Hazırlıklarınız neler oldu?
Öncelikli
hazırlığım kendimi zihinsel olarak bisiklet turuna hazırlamak oldu. Hazırda
zaten çadırda uyumak benim için kolay bir şey olmakla birlikte, kampçılık
konusunda pratik olmam konaklama konusunda kendimi güvende hissettirtti. Ayrıca
bisiklete eklenmesi / düzeltilmesi gereken parçalar hakkında uzun yolculuklar
yapmış arkadaşıma akıl danıştım. Paraya kıyıp zırhlı lastik almam iyi oldu.
Heybeyi çok öncesinde birlikte tur yapmaya niyetlendiğimiz bir arkadaşımla
birlikte çoktan almıştık (ebayden). İnternetten bulduğum malzeme listelerini
inceledim, sonrasında kendi sağlık, keyif alma durumlarımı da göz önünden
bulundurarak kendime göre şekillendirdim. Tura çıktığım arkadaşlarım bisikletle
ilgili eksikliğini hissettiği parçaları ayrıca sordum. Çünkü demir atımla
çıktığım yolculukta atın hastalanması, aniden yere yığılması tek başına yola
çıkan beni çok zor bir durumda bırakabilirdi. Yaklaşık 2 yıldır bisiklet turu
yapmış kişilerin yazılarını keyifle okuyorum.

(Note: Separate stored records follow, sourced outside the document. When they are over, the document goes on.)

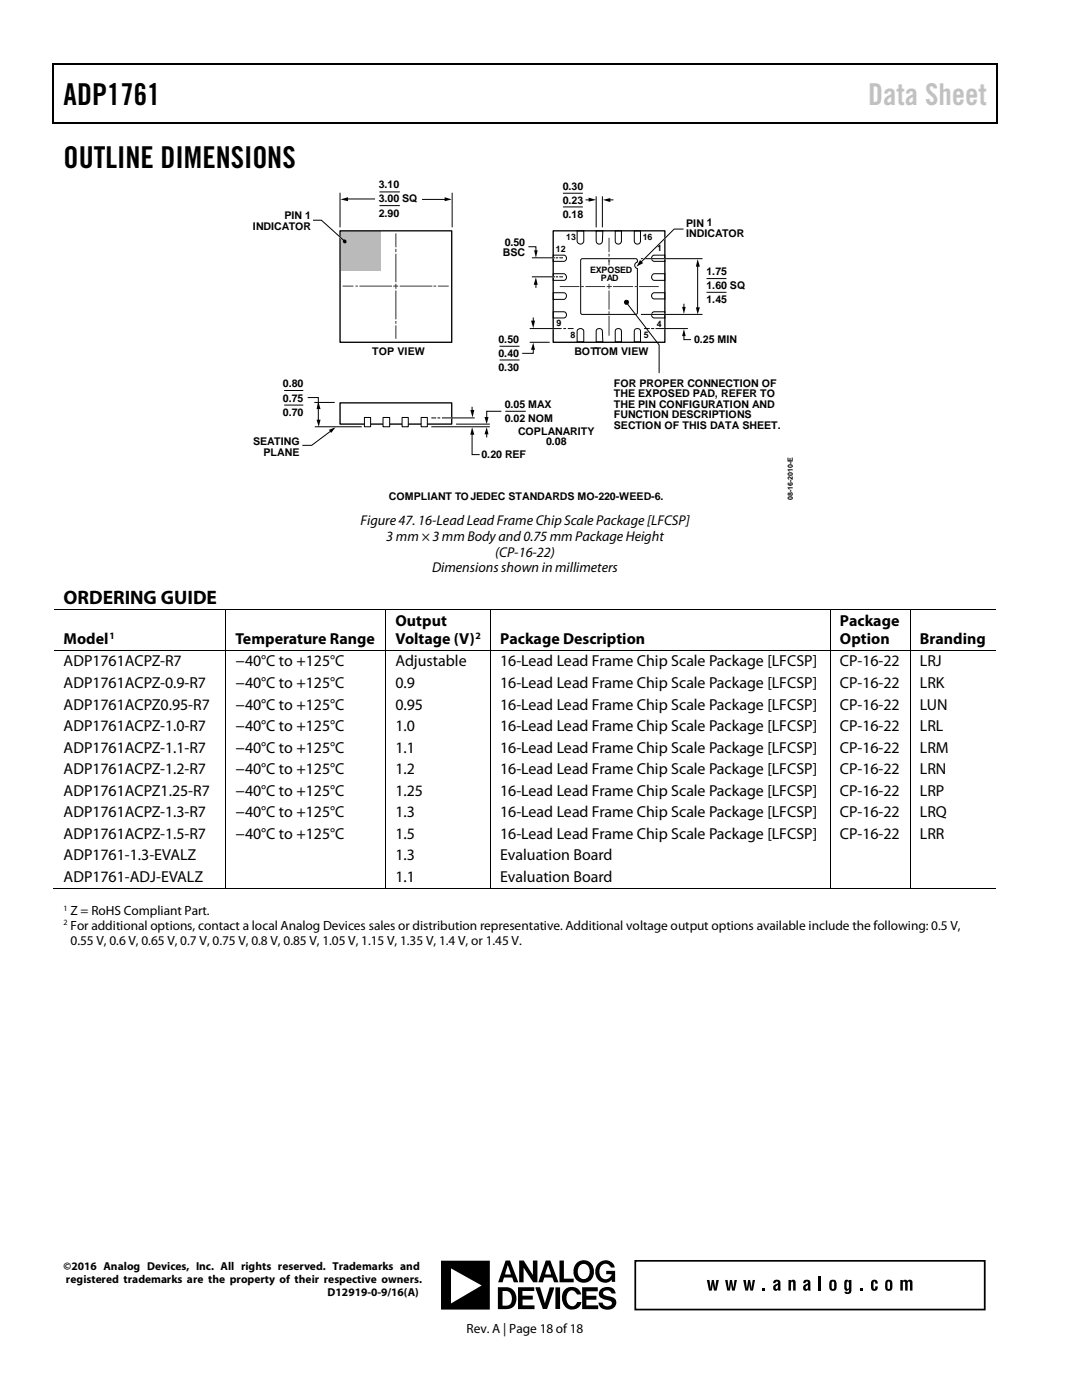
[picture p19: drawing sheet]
<svg xmlns="http://www.w3.org/2000/svg" width="216mm" height="279mm" viewBox="0 0 216 279" stroke-linecap="round" stroke-linejoin="round" font-family="sans-serif">
<defs><g id="words">
<g font-size="6">
<text x="12.7" y="20.9">ADP1761</text>
<text x="12.7" y="33.6">OUTLINE DIMENSIONS</text>
</g>
<text font-size="6" fill="#c1c1c1" x="173.2" y="20.9">Data Sheet</text>
<text font-size="3.9" x="12.7" y="120.6">ORDERING GUIDE</text>
<g font-size="3.2">
<text x="78.9" y="124.9">Output</text>
<text x="167.6" y="124.9">Package</text>
<text x="12.7" y="128.6">Model</text>
<text x="47" y="128.6">Temperature Range</text>
<text x="78.9" y="128.6">Voltage (V)</text>
<text x="99.8" y="128.6">Package Description</text>
<text x="167.6" y="128.6">Option</text>
<text x="183.6" y="128.6">Branding</text>
<text x="12.7" y="133">ADP1761ACPZ-R7</text>
<text x="12.7" y="137.3">ADP1761ACPZ-0.9-R7</text>
<text x="47" y="133">−40°C to +125°C</text>
<text x="47" y="137.3">−40°C to +125°C</text>
<text x="78.9" y="133">Adjustable</text>
<text x="78.9" y="137.3">0.9</text>
<text x="99.8" y="133">16-Lead Lead Frame Chip Scale Package [LFCSP]</text>
<text x="99.8" y="137.3">16-Lead Lead Frame Chip Scale Package [LFCSP]</text>
<text x="167.6" y="133">CP-16-22</text>
<text x="167.6" y="137.3">CP-16-22</text>
<text x="183.6" y="133">LRJ</text>
<text x="183.6" y="137.3">LRK</text>
<text x="12.7" y="141.6">ADP1761ACPZ0.95-R7</text>
<text x="47" y="141.6">−40°C to +125°C</text>
<text x="78.9" y="141.6">0.95</text>
<text x="99.8" y="141.6">16-Lead Lead Frame Chip Scale Package [LFCSP]</text>
<text x="167.6" y="141.6">CP-16-22</text>
<text x="183.6" y="141.6">LUN</text>
<text x="12.7" y="145.9">ADP1761ACPZ-1.0-R7</text>
<text x="47" y="145.9">−40°C to +125°C</text>
<text x="78.9" y="145.9">1.0</text>
<text x="99.8" y="145.9">16-Lead Lead Frame Chip Scale Package [LFCSP]</text>
<text x="167.6" y="145.9">CP-16-22</text>
<text x="183.6" y="145.9">LRL</text>
<text x="12.7" y="150.2">ADP1761ACPZ-1.1-R7</text>
<text x="12.7" y="154.5">ADP1761ACPZ-1.2-R7</text>
<text x="47" y="150.2">−40°C to +125°C</text>
<text x="47" y="154.5">−40°C to +125°C</text>
<text x="78.9" y="150.2">1.1</text>
<text x="78.9" y="154.5">1.2</text>
<text x="99.8" y="150.2">16-Lead Lead Frame Chip Scale Package [LFCSP]</text>
<text x="99.8" y="154.5">16-Lead Lead Frame Chip Scale Package [LFCSP]</text>
<text x="167.6" y="150.2">CP-16-22</text>
<text x="167.6" y="154.5">CP-16-22</text>
<text x="183.6" y="150.2">LRM</text>
<text x="183.6" y="154.5">LRN</text>
<text x="12.7" y="158.8">ADP1761ACPZ1.25-R7</text>
<text x="47" y="158.8">−40°C to +125°C</text>
<text x="78.9" y="158.8">1.25</text>
<text x="99.8" y="158.8">16-Lead Lead Frame Chip Scale Package [LFCSP]</text>
<text x="167.6" y="158.8">CP-16-22</text>
<text x="183.6" y="158.8">LRP</text>
<text x="12.7" y="163.1">ADP1761ACPZ-1.3-R7</text>
<text x="12.7" y="167.4">ADP1761ACPZ-1.5-R7</text>
<text x="47" y="163.1">−40°C to +125°C</text>
<text x="47" y="167.4">−40°C to +125°C</text>
<text x="78.9" y="163.1">1.3</text>
<text x="78.9" y="167.4">1.5</text>
<text x="99.8" y="163.1">16-Lead Lead Frame Chip Scale Package [LFCSP]</text>
<text x="99.8" y="167.4">16-Lead Lead Frame Chip Scale Package [LFCSP]</text>
<text x="167.6" y="163.1">CP-16-22</text>
<text x="167.6" y="167.4">CP-16-22</text>
<text x="183.6" y="163.1">LRQ</text>
<text x="183.6" y="167.4">LRR</text>
<text x="12.7" y="171.7">ADP1761-1.3-EVALZ</text>
<text x="78.9" y="171.7">1.3</text>
<text x="99.8" y="171.7">Evaluation Board</text>
<text x="12.7" y="176">ADP1761-ADJ-EVALZ</text>
<text x="78.9" y="176">1.1</text>
<text x="99.8" y="176">Evaluation Board</text>
</g>
<g font-size="2.8">
<text x="72" y="104.7">Figure 47. 16-LeadLead Frame Chip Scale Package [LFCSP]</text>
<text x="77.1" y="107.9">3 mm × 3 mm Body and 0.75 mm Package Height</text>
<text x="98.8" y="111.1">(CP-16-22)</text>
<text x="86.2" y="114.2">Dimensions shown in millimeters</text>
</g>
<g font-size="2.7">
<text x="14.1" y="182.6">Z = RoHS Compliant Part.</text>
<text x="14.1" y="185.6">For additional options, contact a local Analog Devices sales or distribution representative. Additional voltage output options available include the following: 0.5 V,</text>
<text x="14.1" y="188.6">0.55 V, 0.6 V, 0.65 V, 0.7 V, 0.75 V, 0.8 V, 0.85 V, 1.05 V, 1.15 V, 1.35 V, 1.4 V, or 1.45 V.</text>
<text x="93.1" y="266">Rev. A | Page 18 of18</text>
</g>
<g font-size="2.3">
<text x="12.7" y="253.5">©2016 Analog Devices, Inc. All rights reserved. Trademarks and</text>
<text x="13.2" y="256.1">registered trademarks are the property of their respective owners.</text>
<text x="65.4" y="258.7">D12919-0-9/16(A)</text>
</g>
<g font-size="2.1">
<text x="75.6" y="37.6">3.10</text>
<text x="75.6" y="40.4">3.00 SQ</text>
<text x="112.3" y="37.8">0.30</text>
<text x="112.3" y="40.7">0.23</text>
<text x="50.5" y="45.8">INDICATOR</text>
<text x="56.8" y="43.7">PIN 1</text>
<text x="75.6" y="43.2">2.90</text>
<text x="112.3" y="43.5">0.18</text>
<text x="136.9" y="45.2">PIN 1</text>
<text x="136.9" y="47.3">INDICATOR</text>
<text x="100.4" y="51.1">BSC</text>
<text x="100.7" y="49">0.50</text>
<text x="141" y="54.9">1.75</text>
<text x="141" y="57.7">1.60 SQ</text>
<text x="141" y="60.5">1.45</text>
<text x="74.3" y="70.8">TOP VIEW</text>
<text x="99.5" y="68.4">0.50</text>
<text x="99.5" y="71.2">0.40</text>
<text x="114.6" y="70.8">BOTTOM VIEW</text>
<text x="138.5" y="68.5">0.25 MIN</text>
<text x="56.5" y="77.3">0.80</text>
<text x="99.5" y="74">0.30</text>
<text x="122.5" y="77.2">FOR PROPER CONNECTION OF</text>
<text x="56.5" y="80.1">0.75</text>
<text x="56.5" y="83">0.70</text>
<text x="100.7" y="81.4">0.05 MAX</text>
<text x="122.5" y="79.3">THE EXPOSED PAD, REFER TO</text>
<text x="122.5" y="81.4">THE PIN CONFIGURATION AND</text>
<text x="122.5" y="83.5">FUNCTION DESCRIPTIONS</text>
<text x="50.5" y="88.9">SEATING</text>
<text x="100.7" y="84.2">0.02 NOM</text>
<text x="103.4" y="86.7">COPLANARITY</text>
<text x="109" y="88.9">0.08</text>
<text x="122.5" y="85.6">SECTION OF THIS DATA SHEET.</text>
<text x="52.6" y="91">PLANE</text>
<text x="96.1" y="91.5">0.20 REF</text>
<text x="77.6" y="99.8">COMPLIANT TOJEDEC STANDARDS MO-220-WEED-6.</text>
</g>
<g font-size="1.9">
<text x="21.8" y="127.5">1</text>
<text x="94.9" y="127.5">2</text>
</g>
<g font-size="1.8">
<text x="113" y="47.9">13</text>
<text x="128.3" y="47.9">16</text>
<text x="110.9" y="50.2">12</text>
<text x="131.1" y="50.2">1</text>
<text x="117.7" y="54.6">EXPOSED</text>
<text x="119.9" y="56.2">PAD</text>
<text x="111.1" y="65.1">9</text>
<text x="131.1" y="65.3">4</text>
<text x="113.8" y="67.5">8</text>
<text x="128.5" y="67.5">5</text>
</g>
<g font-size="1.6">
<text x="12.7" y="181.7">1</text>
<text x="12.7" y="184.7">2</text>
</g>
<text font-size="1.4" x="158.2" y="99.8" transform="rotate(-90 158.2 99.8)">08-16-2010-E</text>
</g></defs>
<path d="M10.5 12.7h.3v1h-.3zM10.5 12.7h.3v.3h-.3zM133.3 12.7h.3v.3h-.3zM198.8 12.7h.2v1h-.2zM198.8 12.7h.2v.3h-.2zM10.5 24.4h.3v.2h-.3zM133.1 24.4h.2v.2h-.2zM198.8 24.4h.2v.2h-.2z" fill="#000"/>
<path d="M10.7 13.7v10.7M10.8 12.8h122.5M133.6 12.8h65.2M198.9 13.7v10.7M10.8 24.5h188" fill="none" stroke="#000" stroke-width=".25"/>
<path d="M75.7 38.3h4.1M112.3 38.6h4M75.7 41h4.1M112.3 41.3h4M141 55.6h4M141 58.3h4" fill="none" stroke="#000" stroke-width=".2"/>
<path d="M68 46.2h8v7.9h-8z" fill="#b5b7b9"/>
<g fill="none" stroke="#000" stroke-width=".2">
<path d="M67.9 38.6v6.7M69.2 39.7h5.6M84.2 39.8h4.8M90.2 38.6v6.7M62.5 43.9h1.6l4.7 4.3M105.4 49.2h1.5v1M106.2 55.2h4.4M106.2 51.5h4.4M106.9 56.6v.9M110.4 58.4h2.1a.68 .68 0 0 1 .5 .7 .68 .68 0 0 1-.5 .6h-2.1zM110.4 54.6h2.1a.68 .68 0 0 1 .5 .7 .68 .68 0 0 1-.5 .7h-2.1zM110.4 50.9h2.1a.63 .63 0 0 1 .5 .6 .63 .63 0 0 1-.5 .7h-2.1z"/>
<path d="M111 55.2h.3M111 51.5h.3M111.7 55.2h.5M111.7 51.5h.5M115.2 46.1h1.3v2a.66 .66 0 0 1-.7 .6 .66 .66 0 0 1-.6-.6zM119 46.1h1.3l-.1 2a.62 .62 0 0 1-.6 .6 .62 .62 0 0 1-.6-.6zM122.8 46.1h1.2v2a.62 .62 0 0 1-.6 .6 .62 .62 0 0 1-.6-.6zM126.6 46.1h1.2v2a.62 .62 0 0 1-.6 .6 .62 .62 0 0 1-.6-.6zM130.2 54.8l.3-.2h2.2v1.4h-2.2a.67 .67 0 0 1-.3-1.2zM130.3 58.5l2.4-.1v1.3h-2.2a.63 .63 0 0 1-.5-.5 .63 .63 0 0 1 .3-.7zM130.3 51l2.4-.1v1.3h-2.2a.63 .63 0 0 1-.5-.5 .63 .63 0 0 1 .3-.7zM139.2 53v8.6"/>
<path d="M61.4 79.3h2.1v2.2M99.7 69.1h4M99.7 71.8h4M105.7 68.3h4M106.4 63.4v.8M106.4 69.5v1h-2.2M110.4 62.2h2.1a.63 .63 0 0 1 .5 .6 .63 .63 0 0 1-.5 .7h-2.1zM115.4 65.7l.5-.1a.58 .58 0 0 1 .6 .5v2.1h-1.3v-2.1zM119.1 65.7l.2-.1a.62 .62 0 0 1 .9 .5l.1 2.1h-1.3v-2.1zM122.9 65.7l.2-.1a.62 .62 0 0 1 .9 .5v2.1h-1.2v-2.1zM126.7 65.7l.2-.1a.62 .62 0 0 1 .9 .5v2.1h-1.2v-2.1zM130.3 62.3l2.4-.1v1.3h-2.2a.63 .63 0 0 1-.5-.5 .63 .63 0 0 1 .3-.7z"/>
<path d="M62.8 85.2h9.4M63.5 81.4v2.6M66.1 86l-3.9 2.9h-1.9M86.1 85.2h11.6M91.1 84.6h6.5M94.2 81.3v.8M94.2 86.5v4.2h1.5M97.1 86.4v.8M100 82.1h-2.9v1.4M100.8 82.1h4.1"/>
</g>
<path d="M67.9 46.1h22.2v22.2h-22.2zM110.4 46.1h22.3v22.2h-22.3zM67.9 80.4h22.2v4.2h-22.2z" fill="none" stroke="#000" stroke-width=".27"/>
<g fill="#000">
<path d="M67.9 39.8l1.5-.4v.8zM88.7 39.4l1.4 .4-1.4 .4zM106.9 55.3l.4 1.5h-.8zM106.6 50h.7l-.4 1.5zM139.2 51.7l.5 1.5h-.8zM106 64h.8l-.4 1.5zM106.4 68.4l.4 1.4h-.8zM138.9 61.3h.8l-.5 1.4zM63.5 80.1l.5 1.5h-.8zM63.2 83.8h.8l-.4 1.4zM65.6 85.8l1.4-.5-.9 1.1zM93.8 81.8h.8l-.3 1.5z"/>
<path d="M94.2 85.3l.4 1.5h-.8zM97.1 85.3l.4 1.4h-.8zM96.7 83.2h.8l-.4 1.4z"/>
<circle cx="68.8" cy="48.2" r=".37"/>
</g>
<path d="M67.6 47.1l.5 .5M110.2 55.2h.4M110.2 51.5h.4M121.6 58.3v.3" fill="none" stroke="#fff" stroke-width=".27"/>
<path d="M129.7 62.7h3.6z" fill="#fff"/>
<path d="M129.7 62.7h3.6" fill="none" stroke="#fff" stroke-width=".27"/>
<path d="M129.6 51.6h3.6z" fill="#fff"/>
<path d="M129.6 51.6h3.6" fill="none" stroke="#fff" stroke-width=".27"/>
<path d="M116.8 39.9h.9M119 39.3v6M120.2 39.3v6M121.5 39.9h.9M127.9 51.6h12.3M127.9 62.7h12.3" fill="none" stroke="#000" stroke-width=".2"/>
<path d="M120.3 39.9l1.5-.4v.8zM117.5 39.4l1.5 .5-1.5 .3z" fill="#000"/>
<g fill="#fff" stroke="#000" stroke-width=".2">
<path d="M72.7 83.3h1.3v1.9h-1.3z"/>
<path d="M76.4 83.3h1.4v1.9h-1.4z"/>
<path d="M80.2 83.3h1.3v1.9h-1.3z"/>
<path d="M84 83.3h1.3v1.9h-1.3z"/>
</g>
<g fill="none" stroke="#000" stroke-width=".2">
<path d="M116 51.7l10.8-.1 .4 .2v.5a.63 .63 0 0 0-.5 .7 .63 .63 0 0 0 .5 .6v8.8l-.2 .3h-10.8h-.2l-.1-.3v-10.4zM136.4 45.7h-1.9l-6.7 6.7M56.7 77.9h3.8M105.7 65.6h6.4M112.4 65.6h.5M113.3 65.6h1.2M125 60.4l6.5 8.4v5.6M128.5 65.6h1.2M129.9 65.6h.6M130.8 65.6h6.5M136.5 60.7v.8M136.5 66.8v1h1.4"/>
<path d="M56.7 80.8h3.8M62.7 80.3h4.1M86.1 83.4h.9M87.3 83.4h.5M88.2 83.4h6.5M10.8 121.6h34.2M10.8 129.8h34.2M45.1 121.7v8M45.1 129.9v47.3M45.2 121.6h31.7M45.2 129.8h31.7M77 121.7v8"/>
<path d="M77 129.9v47.3M77.1 121.6h20.7M77.1 129.8h20.7M97.9 121.7v8M97.9 129.9v47.3M98 121.6h67.6M98 129.8h67.6M165.7 121.7v8M165.7 129.9v47.3M165.8 121.6h15.8M165.8 129.8h15.8M181.7 121.7v8"/>
<path d="M181.7 129.9v47.3M181.7 121.6h17.1M181.7 129.8h17.1M10.5 177.2h34.5M45.2 177.2h31.7M77.1 177.2h20.7M98 177.2h67.6M165.8 177.2h15.8M181.7 177.2h17.1"/>
</g>
<path d="M116.1 57.2h.2M121.5 51.8v.3M126.7 57.2h.3M132.9 47.3l-5 4.9M110.1 65.6h.5M121.5 62.3v.2M132.3 65.6h.5M89.8 83.4h.4" fill="none" stroke="#fff" stroke-width=".27"/>
<g fill="#000">
<path d="M127.7 51.9l.6 .6-1.3 .7zM136.1 61.2h.7l-.3 1.5zM136.5 65.7l.3 1.4h-.7zM45 121.5h.2v.2h-.2zM45 129.7h.2v.2h-.2zM76.9 121.5h.2v.2h-.2zM76.9 129.7h.2v.2h-.2zM97.8 121.5h.2v.2h-.2zM97.8 129.7h.2v.2h-.2zM165.6 121.5h.2v.2h-.2zM165.6 129.7h.2v.2h-.2zM181.6 121.5h.1v.2h-.1z"/>
<path d="M181.6 129.7h.1v.2h-.1zM45 177.2h.2v.1h-.2zM76.9 177.2h.2v.1h-.2zM97.8 177.2h.2v.1h-.2zM165.6 177.2h.2v.1h-.2zM181.6 177.2h.1v.1h-.1zM141 255.4h.6l.2 1.8 .2-1.8h.4l.3 1.8 .2-1.8h.5l-.4 2.2h-.5l-.3-1.4-.2 1.4h-.5zM144.7 255.4h.5l.2 1.8 .2-1.8h.5l.2 1.8 .2-1.8h.5l-.4 2.2h-.5l-.2-1.4-.3 1.4h-.5zM148.3 255.4h.5l.2 1.8 .3-1.8h.4l.3 1.8 .2-1.8h.5l-.5 2.2h-.5l-.2-1.4-.2 1.4h-.6zM152.1 257.1h.5v.5h-.5zM157.3 255.4h.5v.3a.48 .48 0 0 1 .4-.3 .48 .48 0 0 1 .5 .2l.1 2h-.5l-.1-1.6-.1-.2-.3 .2v1.6h-.5zM163.4 254.8h.5v2.8h-.5z"/>
<path d="M171.6 257.1h.5v.5h-.5zM174 255.5a.69 .69 0 0 1 .8-.1 .69 .69 0 0 1 .3 .8h-.5v-.4h-.3l.1 1.4h.2v-.5h.5a.69 .69 0 0 1-.6 .9 .69 .69 0 0 1-.7-.8v-1zM179.7 255.4h.4v.3l.4-.3h.3l.2 .3a.54 .54 0 0 1 .6-.3 .54 .54 0 0 1 .5 .5v1.7h-.5v-1.6l-.3-.2-.2 .2v1.6h-.5v-1.7l-.2-.1-.2 .2-.1 1.6h-.4z"/>
<path d="M103.6 251.6h.9l1.8 2.9v-2.9h.9v4.3h-.8l-1.9-2.9v2.9h-.9zM111.6 251.6h.9v3.6h2v.7h-2.9zM108.9 251.6h.9l1.6 4.3h-.8l-.4-.9h-1.6l-.3 .9h-.9zM100.9 251.6h.9l1.6 4.3h-.9l-.3-.9h-1.6l-.3 .9h-.9zM115.2 252a2.12 2.12 0 0 1 2.6-.1 2.12 2.12 0 0 1 .6 2.5 2.09 2.09 0 0 1-2.6 1.5 2.09 2.09 0 0 1-1.3-2.8zM119.5 252a1.87 1.87 0 0 1 3.2 1h-.8a1.15 1.15 0 0 0-1.2-.8 1.15 1.15 0 0 0-1 1 1.37 1.37 0 0 0 .3 1.7 1.37 1.37 0 0 0 1.7 0l.3-.6h-1v-.7h1.7v2.2h-.6v-.4a1.92 1.92 0 0 1-2.3 .4 1.92 1.92 0 0 1-1-2l.3-1.3zM88 251.6h9.7v9.8h-9.7zM106.9 256.9h.9l.9 3.2 1-3.2h.9l-1.4 4.3h-.9zM116.2 256.9h3.1v.8h-2.3v.9h2v.8h-2v1.1h2.4v.8h-3.2zM103.4 256.9h3.2v.7h-2.4v1h2.1v.8h-2v1.1h2.4v.8h-3.3zM99.3 256.9h1.7a2.24 2.24 0 0 1 2 1.9 2.24 2.24 0 0 1-1.4 2.4l-2.3 .1zM110.8 256.9h1v4.3h-1zM112.8 257.3a1.93 1.93 0 0 1 3.2 1h-.9l-.1-.2a.99 .99 0 0 0-1.1-.6 .99 .99 0 0 0-.8 1 1.69 1.69 0 0 0 1.1 2.2 1.11 1.11 0 0 0 1-.9h.8a1.92 1.92 0 0 1-1.9 1.6 1.92 1.92 0 0 1-1.9-1.6 2.5 2.5 0 0 1 .6-2.5zM119.9 257.2a1.73 1.73 0 0 1 2.9 .9h-.8a.91 .91 0 0 0-.8-.6 .91 .91 0 0 0-.9 .5 1.11 1.11 0 0 0 1.2 .7 1.3 1.3 0 0 1 1.5 1.2 1.3 1.3 0 0 1-1.2 1.4 1.7 1.7 0 0 1-2.4-1.3h.9a.96 .96 0 0 0 .8 .7 .96 .96 0 0 0 1-.6 1.05 1.05 0 0 0-1.3-.7 1.21 1.21 0 0 1-1.2-.7 1.21 1.21 0 0 1 .3-1.5zM109.4 252.5l-.6 1.8h1.2zM101.3 252.5l-.5 1.8h1.1zM115.6 252.7a1.61 1.61 0 0 0 .8 2.6 1.56 1.56 0 0 0 1.3-1.5 1.56 1.56 0 0 0-1.2-1.6l-.5 .2zM90 253.1v7l6.1-3.6zM100.3 257.6v3a1.32 1.32 0 0 0 1.8-1.1 1.51 1.51 0 0 0-1.8-1.9z"/>
<path d="M154.4 255.6a.74 .74 0 0 1 .8-.2 .74 .74 0 0 1 .5 .6l.1 1.6h-.5v-.3a.57 .57 0 0 1-.9 .2 .57 .57 0 0 1-.1-.8l.9-.7-.2-.2h-.2l-.1 .3h-.4zM154.8 256.7v.4l.2 .1 .2-.1v-.7z"/>
<path d="M160.4 255.6a.73 .73 0 0 1 .8-.2 .73 .73 0 0 1 .5 .6l.1 1.6h-.5v-.3a.6 .6 0 0 1-1 .1 .6 .6 0 0 1 .2-.9l.7-.5-.2-.2h-.2l-.1 .3h-.4zM160.8 256.7v.4l.2 .1 .2-.1v-.7z"/>
<path d="M165.6 255.6a.75 .75 0 0 1 .9-.2 .75 .75 0 0 1 .4 .8 1.05 1.05 0 0 1-.7 1.4h-.4a1.96 1.96 0 0 1-.2-2zM166 255.8v1.3l.2 .1 .2-.1v-1.1v-.2z"/>
<path d="M168.6 255.5l.1-.1a.47 .47 0 0 1 .7 .3v-.3h.5v2.4a.73 .73 0 0 1-.7 .5 .73 .73 0 0 1-.7-.5l.8 .1 .1-.6a.53 .53 0 0 1-.7 .3 .53 .53 0 0 1-.2-.7zM169 255.8l-.1 1.1 .3 .3 .2-.1v-1.1l-.1-.2z"/>
<path d="M176.8 255.6a.74 .74 0 0 1 .8-.2 .74 .74 0 0 1 .5 .8 1.06 1.06 0 0 1-.8 1.4h-.3a1.54 1.54 0 0 1-.3-1.8zM177.2 255.8l-.1 1.3 .2 .1 .3-.1v-1.1l-.1-.2z"/>
<circle cx="125" cy="60.3" r=".51"/>
</g>
<g fill="none" stroke="#303030" stroke-width=".2">
<path d="M68.5 57.1h1.9M71 57.1h.3M71.8 57.1h6.3M78.6 57.1h.7M79 56.7v.8M79 46.7v2.5M79 49.8v.4M79 50.7v5.5M79 58.1v5.5M79.9 57.1h6.3M86.6 57.1h.4M87.5 57.1h1.9"/>
<path d="M111.8 57.2h3.7M116 57.2h.4M116.9 57.2h3.7M121.2 57.2h.8M121.5 56.7v.8M121.5 47.6v2.6M121.5 50.7v.4M121.5 51.6v1.3M121.5 58.1v3.6M122.4 57.2h3.8M126.7 57.2h.3M127.6 57.2h3.7"/>
<path d="M79 64.2v.3M79 65v2.5M121.5 62.2v.5M121.5 63.1v3.8"/>
</g>
<path d="M126.8 251.6h69.7v9.8h-69.7z" fill="none" stroke="#000" stroke-width=".35"/>
<use href="#words"/>
</svg>

Bu yazılarda onların deneyimlerinden
yolculuk hakkında epey bilgim oldu. En son Soner -İnci Sarıhan 'ın yazdığı
"Pedalımda 5 Ülke" kitabını okudum.
Ailenize bu
durumu ne zaman, nasıl açıkladınız?
Öncelikle
bisikletime iyi bir bakım, parça yenileme yapıldıktan sonra yolculuğa olan
güvenim daha da arttı. Bisiklete yapılan bakım hiçbir zaman boşa değildir,
yolculuğa çıkmasam da yaz bitiminde yine bisiklete bineceğim sonuçta. İlk
olarak en ikna edebileceğim kişi olan abime onun anlayabileceği dilde yolculuğu
anlattım. Güzergahım, cümlelerim netti. Kendisi sunum dinlemeye çok alışık
olduğu için anlatımım adeta bir sunum havasında geçti. Yola çıkacaklara da
önerimdir. Yolculuğu anlatmaya akrabalarınız arasında bu durumu ilk olarak en
anlamaya, size destek vermeye yakın olan kişiyle başlayın, sonra onunla
birlikte ailenizi ikna ettiğiniz anda işlem tamamdır. Gerisine zaten duyurmayın,
zehirli cümleleriyle hevesinizi kaçırabilir, düşüncelerinizi kirletebilir.
Yolculuk tam
olarak nerde başladı sizin için?
Yalova'da
feribottan inip tek başıma sürüşe başladığımda. Uzun süredir o anı bekliyordum.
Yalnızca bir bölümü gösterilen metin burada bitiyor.